Marvell Technology melaporkan kinerja kuartal yang kuat lagi, tetapi investor lebih fokus pada apakah kenaikan cepat yang didorong oleh AI-nya telah memperkirakan pertumbuhan masa depan yang terlalu berlebihan, daripada pada hasil yang melampaui ekspektasi.
Saham MRVL turun sekitar 6% dalam perdagangan pra-buka Jumat setelah produsen chip melaporkan pendapatan kuartal kedua fiskal sebesar $2,74 miliar, naik 37% dari tahun sebelumnya. Hasil ini melebihi ekspektasi Wall Street, sementara laba yang disesuaikan mencapai $0,94 per saham.
Jim Cramer berpendapat bahwa penjualan tersebut mencerminkan valuasi dan posisi, bukan kinerja kuartal yang lemah. Marvell sudah naik sekitar 178% pada tahun 2026, sehingga menyisakan sedikit ruang bagi hasil yang hanya melebihi perkiraan daripada secara dramatis mengatur ulang ekspektasi.
Pendapatan Pusat Data Naik 46%
Infrastruktur AI tetap menjadi mesin pertumbuhan utama Marvell. Pendapatan pusat data naik 46% secara tahunan menjadi $2,17 miliar, menyumbang sekitar 79% dari total penjualan kuartalan. Liputan terbaru Marvell earnings oleh Coinpaper juga menyoroti pendapatan rekor dan meningkatnya permintaan untuk produk silikon dan jaringan khusus.
Manajemen menaikkan perkiraan pendapatan kuartal ini menjadi sekitar $3,15 miliar dan meningkatkan target penjualan fiskal 2028 menjadi sekitar $18 miliar, dari sebelumnya $16,5 miliar. Reuters juga mencatat bahwa Marvell sekarang memperkirakan pendapatan fiskal 2027 sekitar $12 miliar.
Kesepakatan Google Menambahkan Potensi Kenaikan Jangka Panjang — dan Pertanyaan Jangka Pendek
Perhatian investor juga tertuju pada perluasan hubungan Marvell dengan Alphabet.
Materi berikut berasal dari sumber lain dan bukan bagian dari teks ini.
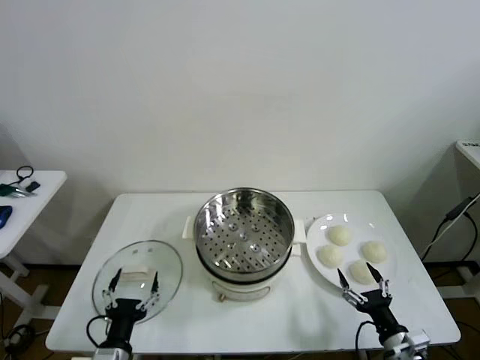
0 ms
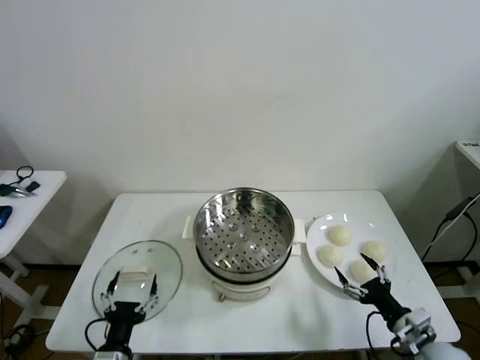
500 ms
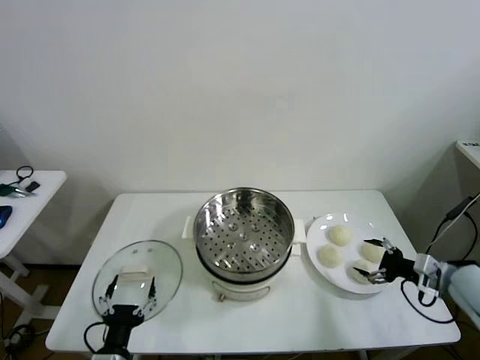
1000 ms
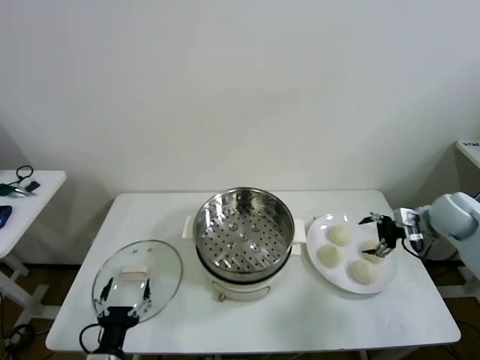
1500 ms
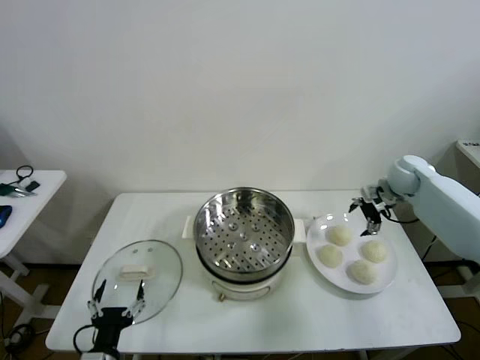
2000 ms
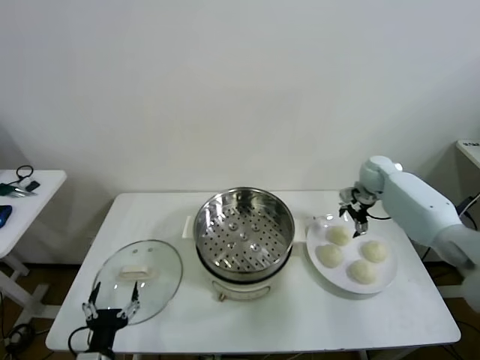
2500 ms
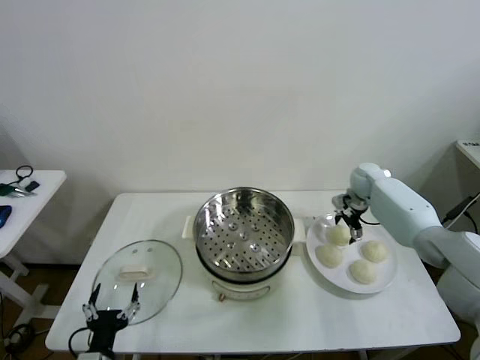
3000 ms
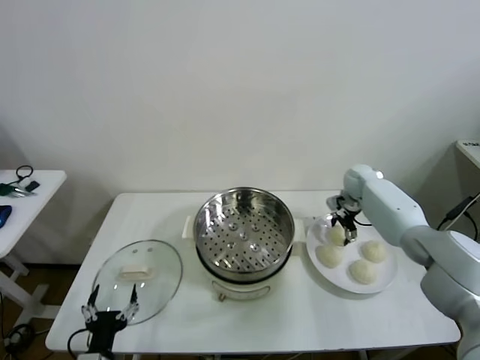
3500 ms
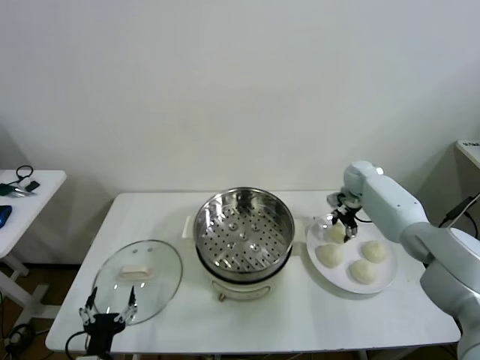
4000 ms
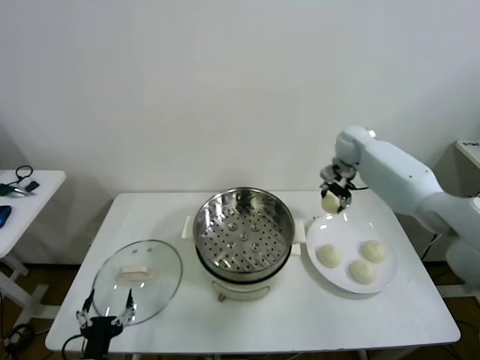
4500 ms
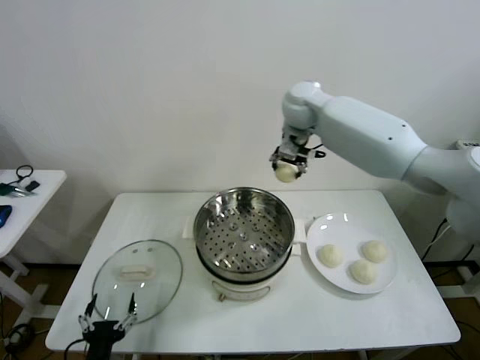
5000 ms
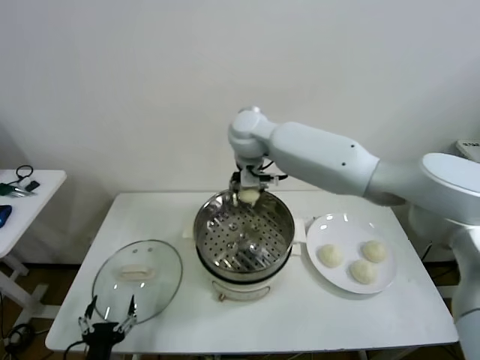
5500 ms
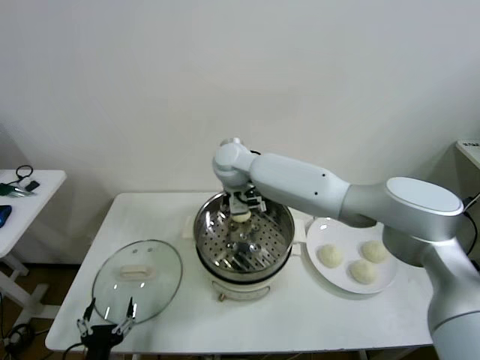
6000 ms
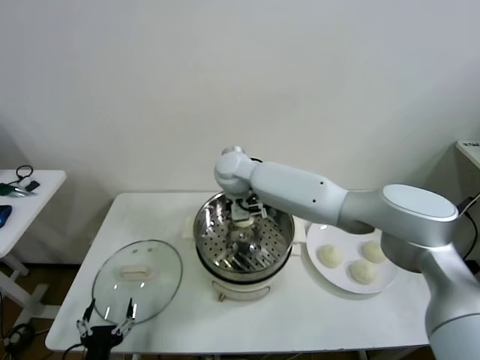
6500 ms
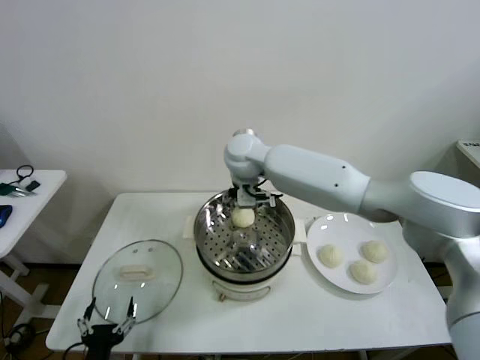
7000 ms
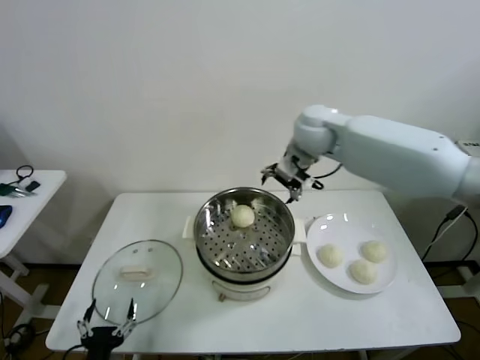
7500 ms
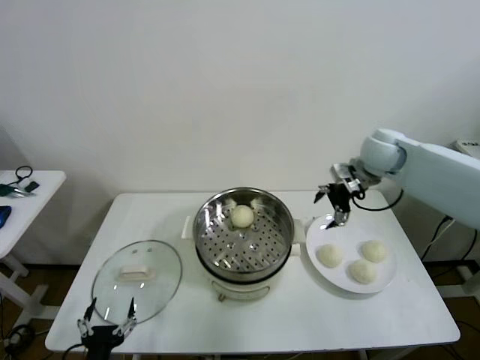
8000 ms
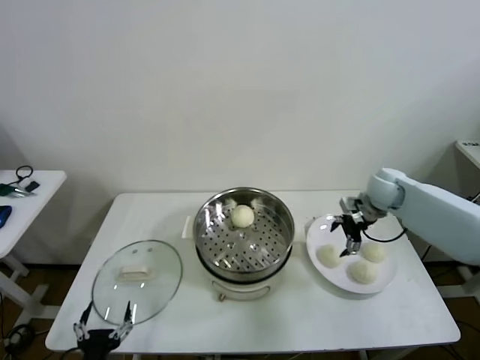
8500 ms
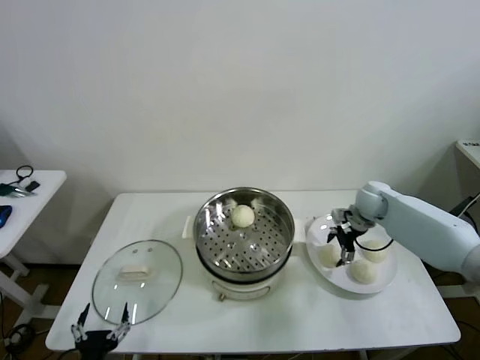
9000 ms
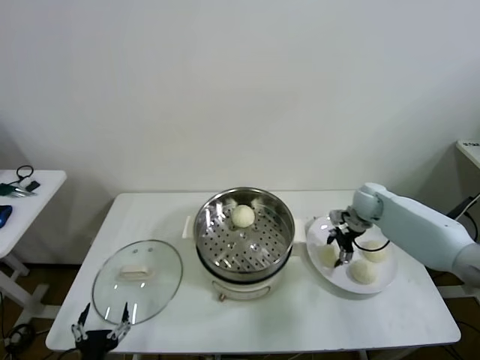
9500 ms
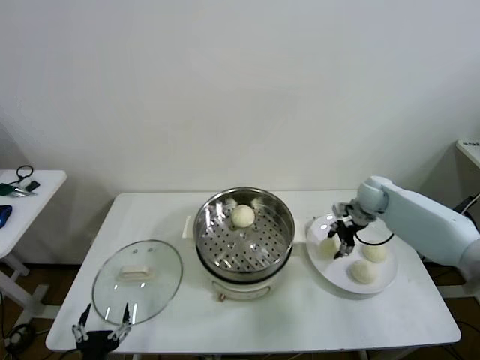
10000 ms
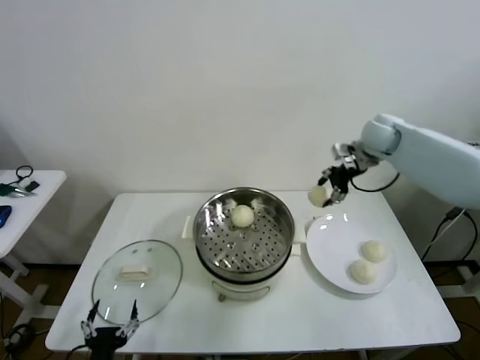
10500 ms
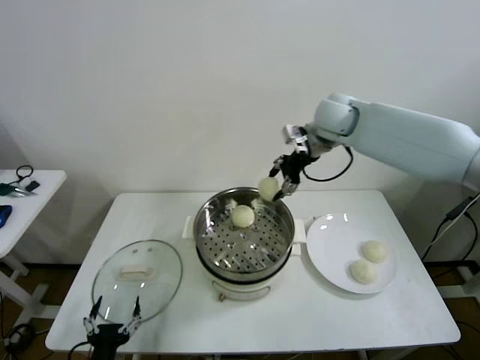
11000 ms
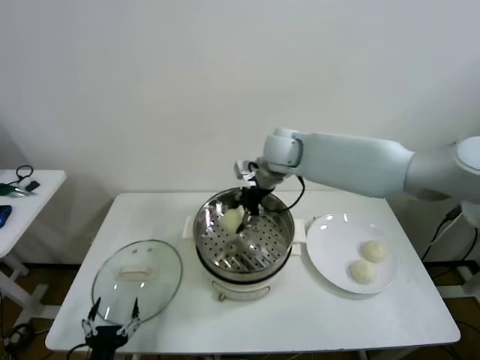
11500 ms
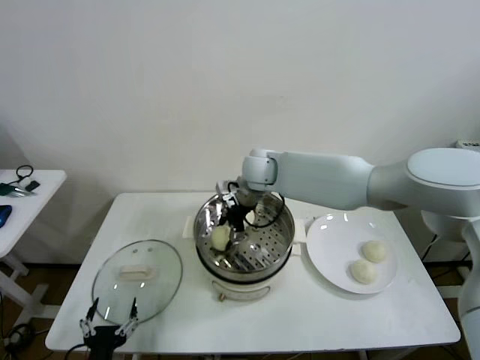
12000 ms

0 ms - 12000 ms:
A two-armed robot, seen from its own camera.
Task of the whole recording: take steamed baozi put them in steamer then cover it.
Step, 0 ms - 3500 ms: Grasp the baozi in the plate with right gripper.
Step, 4000 ms - 6500 ms: Place the baozi on the steamer with right gripper.
Step, 7000 ms - 9000 ms: Grasp the baozi in the plate with right gripper.
2000 ms - 4000 ms: The right gripper moves to the left, forward and downward, roughly 10 cm, and closes up.
4000 ms - 6000 ms: The right gripper moves to the left, roughly 35 cm.
6000 ms - 8000 ms: The right gripper is displaced to the right by about 35 cm, and opens.
8000 ms - 10000 ms: The right gripper is displaced downward by approximately 10 cm, and closes up.
10000 ms - 12000 ms: The right gripper moves to the left, roughly 30 cm, and opens.

Kesepakatan chip AI khusus tersebut dapat menghasilkan pendapatan hingga $120 miliar hingga tahun fiskal 2033, sementara Google telah menerima warrant yang dapat memberinya saham bernilai sekitar $12,2 miliar.
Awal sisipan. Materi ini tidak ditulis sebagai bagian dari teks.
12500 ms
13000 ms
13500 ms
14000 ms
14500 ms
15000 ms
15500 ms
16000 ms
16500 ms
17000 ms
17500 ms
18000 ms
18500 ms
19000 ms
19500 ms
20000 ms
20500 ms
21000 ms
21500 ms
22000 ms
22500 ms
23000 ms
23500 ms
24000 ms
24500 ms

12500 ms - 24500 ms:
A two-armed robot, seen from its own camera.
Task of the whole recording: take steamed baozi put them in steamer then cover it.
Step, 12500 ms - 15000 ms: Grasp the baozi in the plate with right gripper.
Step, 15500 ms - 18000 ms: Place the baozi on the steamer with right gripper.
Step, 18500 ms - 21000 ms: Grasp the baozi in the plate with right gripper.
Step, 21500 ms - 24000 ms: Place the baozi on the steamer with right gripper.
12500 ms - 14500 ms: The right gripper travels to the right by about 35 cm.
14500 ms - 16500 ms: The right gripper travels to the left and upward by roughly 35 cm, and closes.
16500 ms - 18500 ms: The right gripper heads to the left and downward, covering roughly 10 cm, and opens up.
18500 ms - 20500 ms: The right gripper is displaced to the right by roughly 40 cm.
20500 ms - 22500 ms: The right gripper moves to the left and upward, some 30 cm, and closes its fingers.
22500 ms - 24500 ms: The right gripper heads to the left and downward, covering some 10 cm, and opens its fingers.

Masalahnya adalah waktu. Manajemen menyatakan bahwa kontribusi pendapatan terbesar dari kemitraan dengan Google mungkin tidak datang hingga tahun fiskal 2029, yang membantu menjelaskan mengapa kesepakatan tersebut gagal mendukung saham secara langsung.
Reaksi tersebut mencerminkan masalah yang lebih luas di saham AI: pertumbuhan kuat sudah tidak lagi cukup ketika harapan sudah sangat ekstrem. Tekanan serupa juga muncul pada nama-nama pusat data lainnya, sementara perdagangan infrastructure AI yang lebih luas terus menarik investor di luar Nvidia dan Broadcom.
Laporan pendapatan terbaru Nvidia menunjukkan dinamika yang sama: pendapatan melonjak menjadi $96,2 miliar, tetapi investor tetap sangat sensitif terhadap panduan dan valuasi.
Untuk Marvell, fundamentalnya tetap kuat. Pertanyaan yang lebih sulit adalah apakah laba dapat terus meningkat cukup cepat untuk membenarkan saham yang sudah naik tajam karena ledakan AI.